Using the data below, reproduce exactly the lines from the line with "list PHP [187, 768, 1125, 797]" to the line with "Document page, 875x1241 pixels.", both included; pictures must be dropped.

■ Data supplied
■ ■ ■ ■

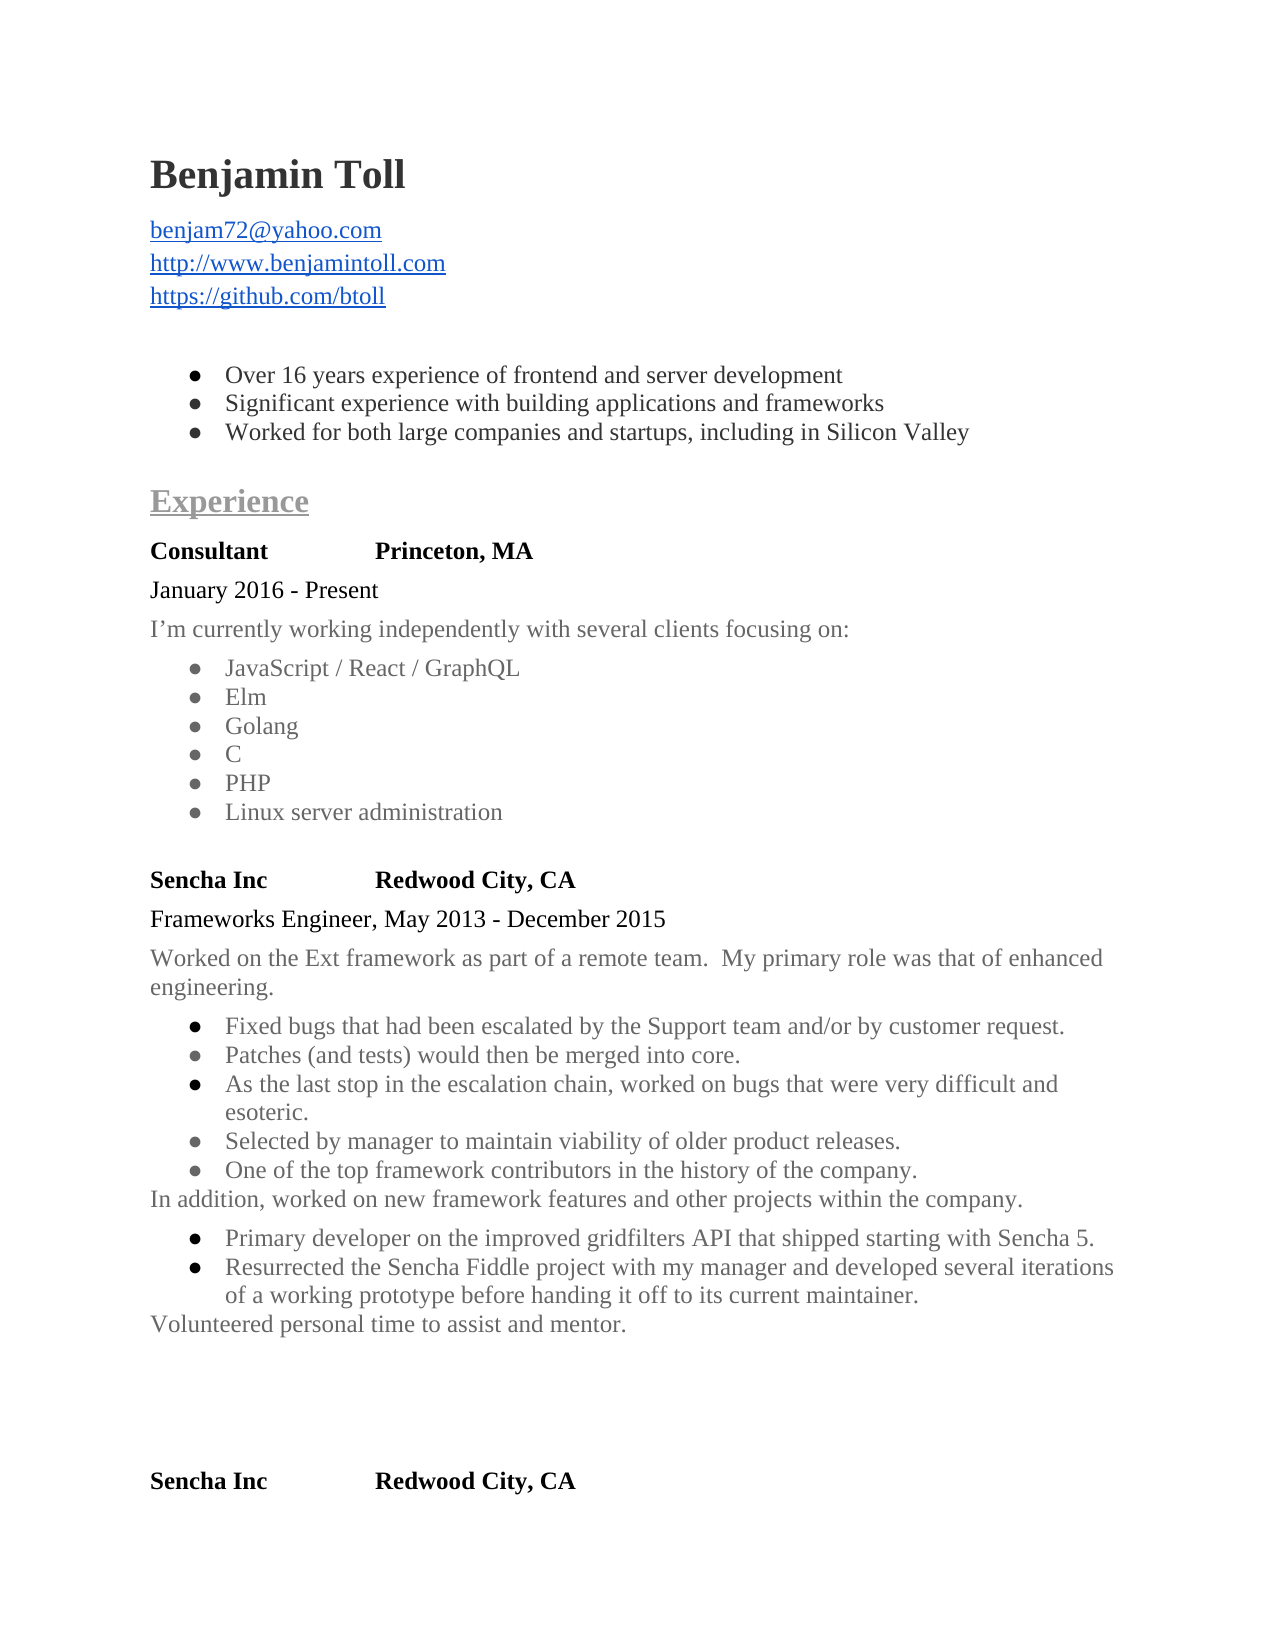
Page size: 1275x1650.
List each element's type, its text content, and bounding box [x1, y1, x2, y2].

list One of the top framework contributors in the history of the company. [187, 1155, 1125, 1184]
text Worked on the Ext framework as part of a remote team. My primary role was that of enhanced engineering. [150, 943, 1125, 1001]
list Significant experience with building applications and frameworks [187, 388, 1125, 417]
list Fixed bugs that had been escalated by the Support team and/or by customer request. [187, 1011, 1125, 1040]
list Primary developer on the improved gridfilters API that shipped starting with Sencha 5. [187, 1223, 1125, 1252]
text Frameworks Engineer, May 2013 - December 2015 [150, 904, 1125, 933]
list Patches (and tests) would then be merged into core. [187, 1040, 1125, 1069]
text http://www.benjamintoll.com [150, 248, 1125, 277]
text Consultant Princeton, MA [150, 536, 1125, 564]
list JavaScript / React / GraphQL [187, 653, 1125, 682]
text Volunteered personal time to assist and mentor. [150, 1309, 1125, 1338]
text Benjamin Toll [150, 150, 1125, 198]
text https://github.com/btoll [150, 281, 1125, 310]
text Experience [150, 481, 1125, 519]
list Golang [187, 711, 1125, 739]
list Selected by manager to maintain viability of older product releases. [187, 1126, 1125, 1155]
text benjam72@yahoo.com [150, 216, 1125, 244]
list PHP [187, 768, 1125, 797]
text In addition, worked on new framework features and other projects within the company. [150, 1184, 1125, 1212]
list Elm [187, 682, 1125, 711]
list Worked for both large companies and startups, including in Silicon Valley [187, 417, 1125, 446]
text Sencha Inc Redwood City, CA [150, 865, 1125, 894]
list Over 16 years experience of frontend and server development [187, 360, 1125, 388]
text January 2016 - Present [150, 575, 1125, 604]
list Linux server administration [187, 797, 1125, 826]
text Sencha Inc Redwood City, CA [150, 1466, 1125, 1494]
text I’m currently working independently with several clients focusing on: [150, 614, 1125, 643]
list C [187, 739, 1125, 768]
list As the last stop in the escalation chain, worked on bugs that were very difficult and esoteric. [187, 1069, 1125, 1126]
list Resurrected the Sencha Fiddle project with my manager and developed several iterations of a working prototype before handing it off to its current maintainer. [187, 1252, 1125, 1309]
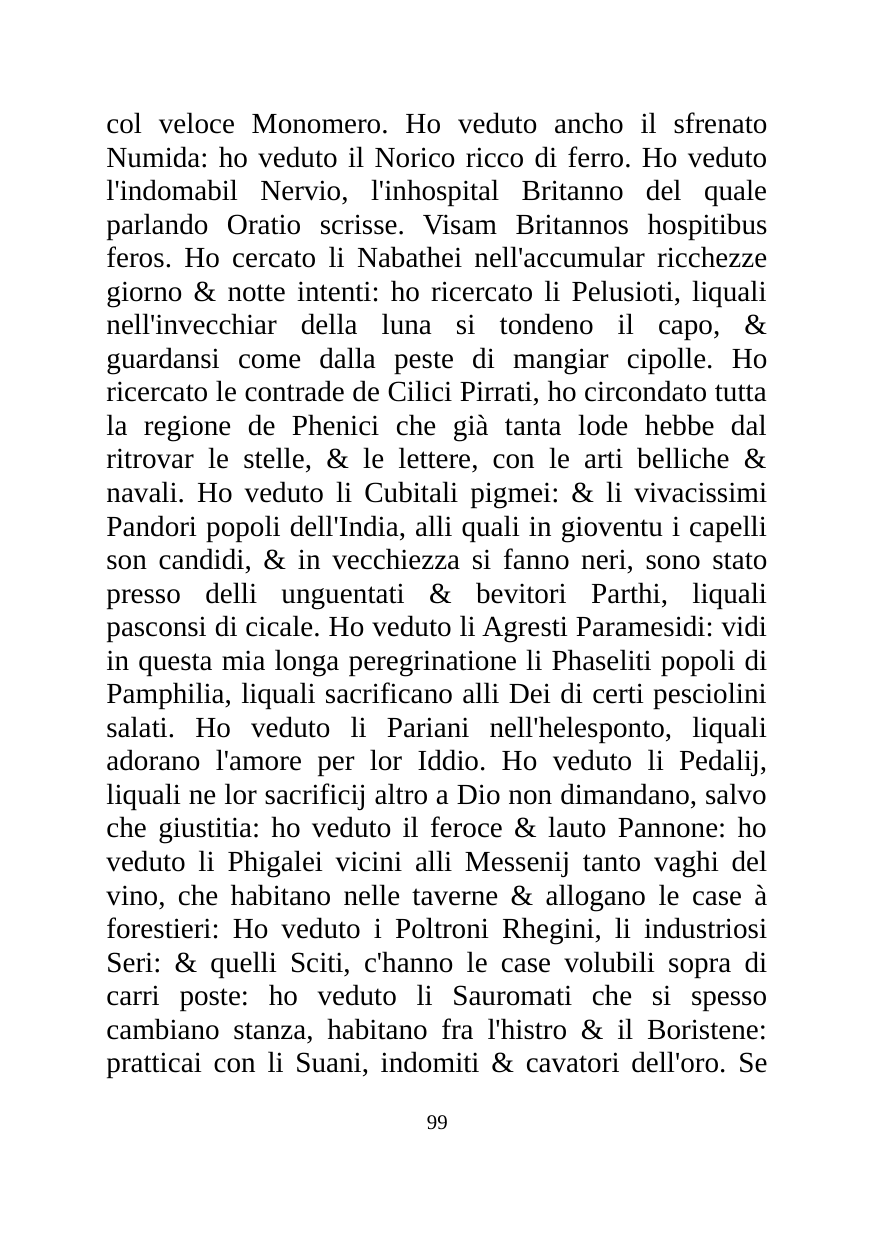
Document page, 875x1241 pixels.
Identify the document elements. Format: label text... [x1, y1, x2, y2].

text col veloce Monomero. Ho veduto ancho il sfrenato Numida: ho veduto il Norico ricco di ferro. Ho veduto l'indomabil Nervio, l'inhospital Britanno del quale parlando Oratio scrisse. Visam Britannos hospitibus feros. Ho cercato li Nabathei nell'accumular ricchezze giorno & notte intenti: ho ricercato li Pelusioti, liquali nell'invecchiar della luna si tondeno il capo, & guardansi come dalla peste di mangiar cipolle. Ho ricercato le contrade de Cilici Pirrati, ho circondato tutta la regione de Phenici che già tanta lode hebbe dal ritrovar le stelle, & le lettere, con le arti belliche & navali. Ho veduto li Cubitali pigmei: & li vivacissimi Pandori popoli dell'India, alli quali in gioventu i capelli son candidi, & in vecchiezza si fanno neri, sono stato presso delli unguentati & bevitori Parthi, liquali pasconsi di cicale. Ho veduto li Agresti Paramesidi: vidi in questa mia longa peregrinatione li Phaseliti popoli di Pamphilia, liquali sacrificano alli Dei di certi pesciolini salati. Ho veduto li Pariani nell'helesponto, liquali adorano l'amore per lor Iddio. Ho veduto li Pedalij, liquali ne lor sacrificij altro a Dio non dimandano, salvo che giustitia: ho veduto il feroce & lauto Pannone: ho veduto li Phigalei vicini alli Messenij tanto vaghi del vino, che habitano nelle taverne & allogano le case à forestieri: Ho veduto i Poltroni Rhegini, li industriosi Seri: & quelli Sciti, c'hanno le case volubili sopra di carri poste: ho veduto li Sauromati che si spesso cambiano stanza, habitano fra l'histro & il Boristene: pratticai con li Suani, indomiti & cavatori dell'oro. Se [106, 106, 768, 1079]
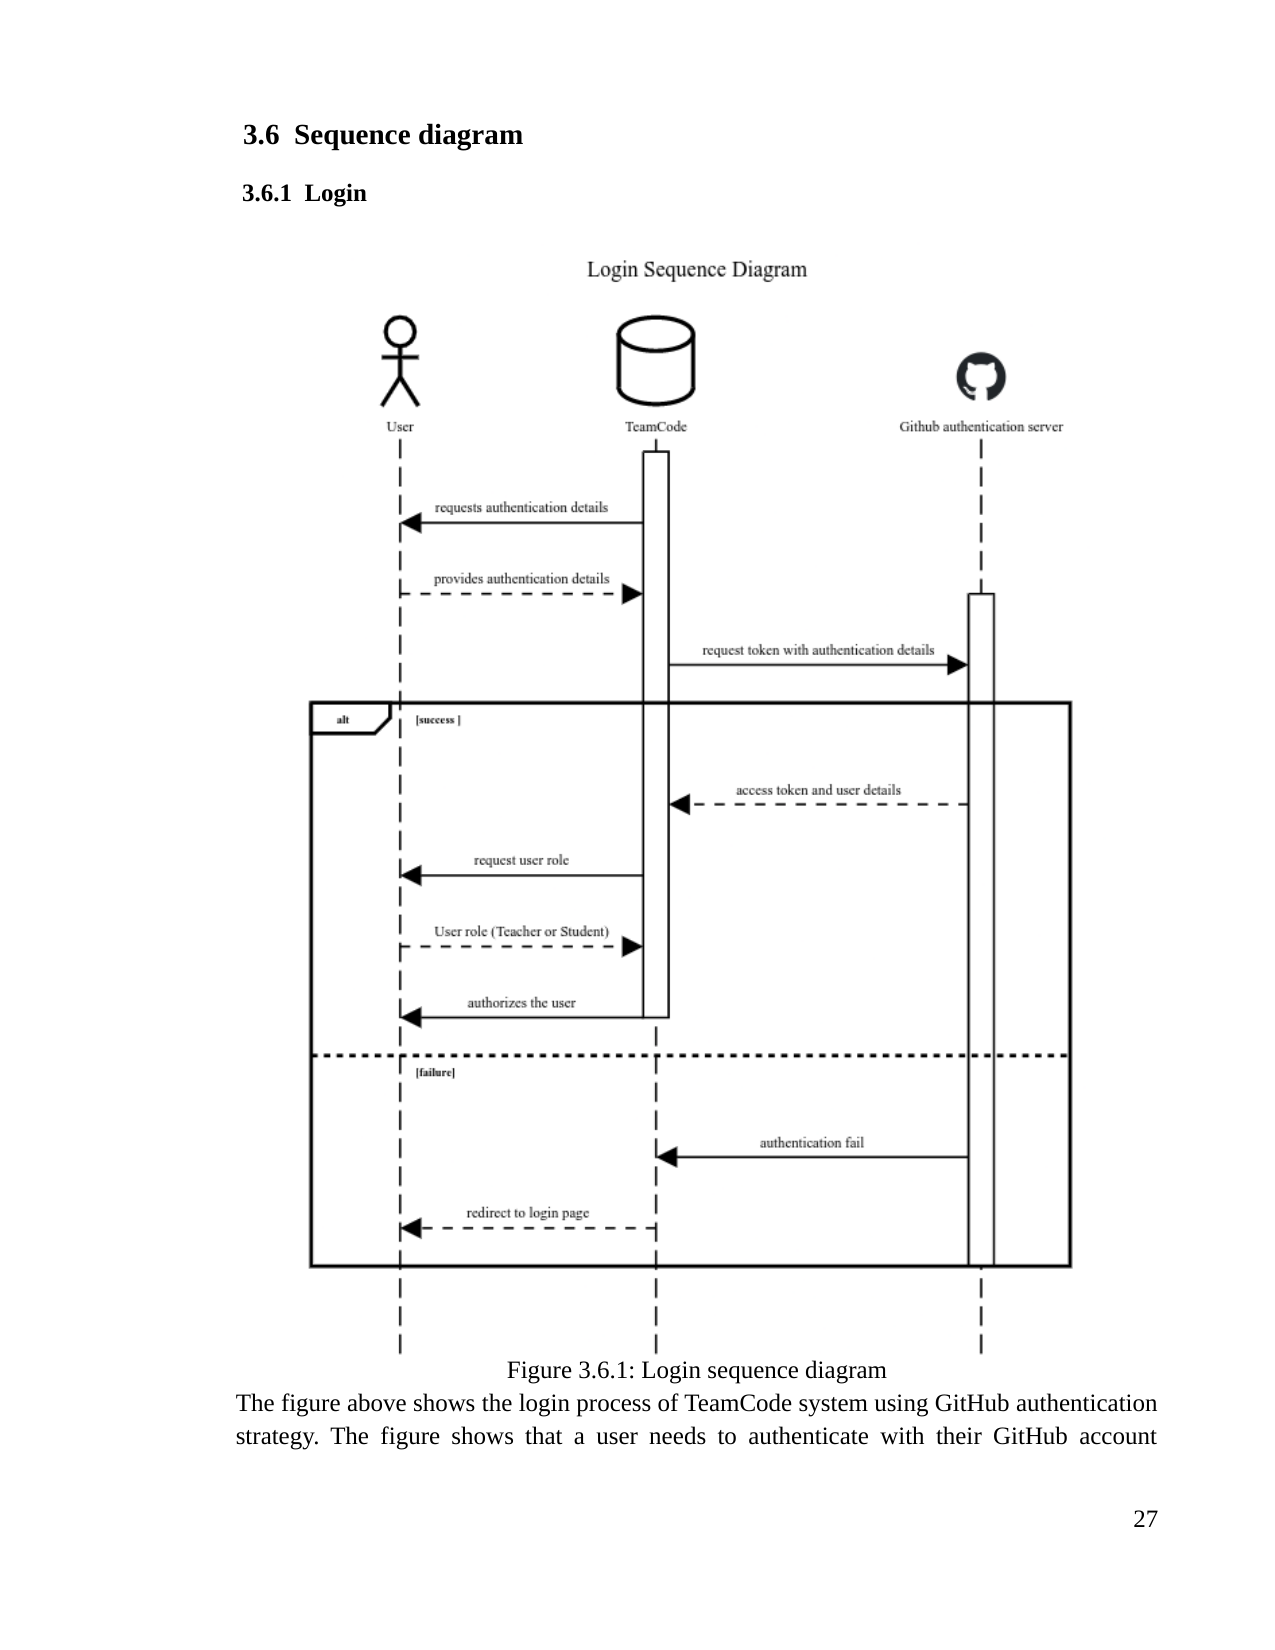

■ ■ ■ ■

■ Result below
list PHP [187, 768, 1125, 797]
text In addition, worked on new framework features and other projects within the company. [150, 1184, 1125, 1212]
list Elm [187, 682, 1125, 711]
list Worked for both large companies and startups, including in Silicon Valley [187, 417, 1125, 446]
text Sencha Inc Redwood City, CA [150, 865, 1125, 894]
list Over 16 years experience of frontend and server development [187, 360, 1125, 388]
text January 2016 - Present [150, 575, 1125, 604]
list Linux server administration [187, 797, 1125, 826]
text Sencha Inc Redwood City, CA [150, 1466, 1125, 1494]
text I’m currently working independently with several clients focusing on: [150, 614, 1125, 643]
list C [187, 739, 1125, 768]
list As the last stop in the escalation chain, worked on bugs that were very difficult and esoteric. [187, 1069, 1125, 1126]
list Resurrected the Sencha Fiddle project with my manager and developed several iterations of a working prototype before handing it off to its current maintainer. [187, 1252, 1125, 1309]
Document page, 875x1241 pixels.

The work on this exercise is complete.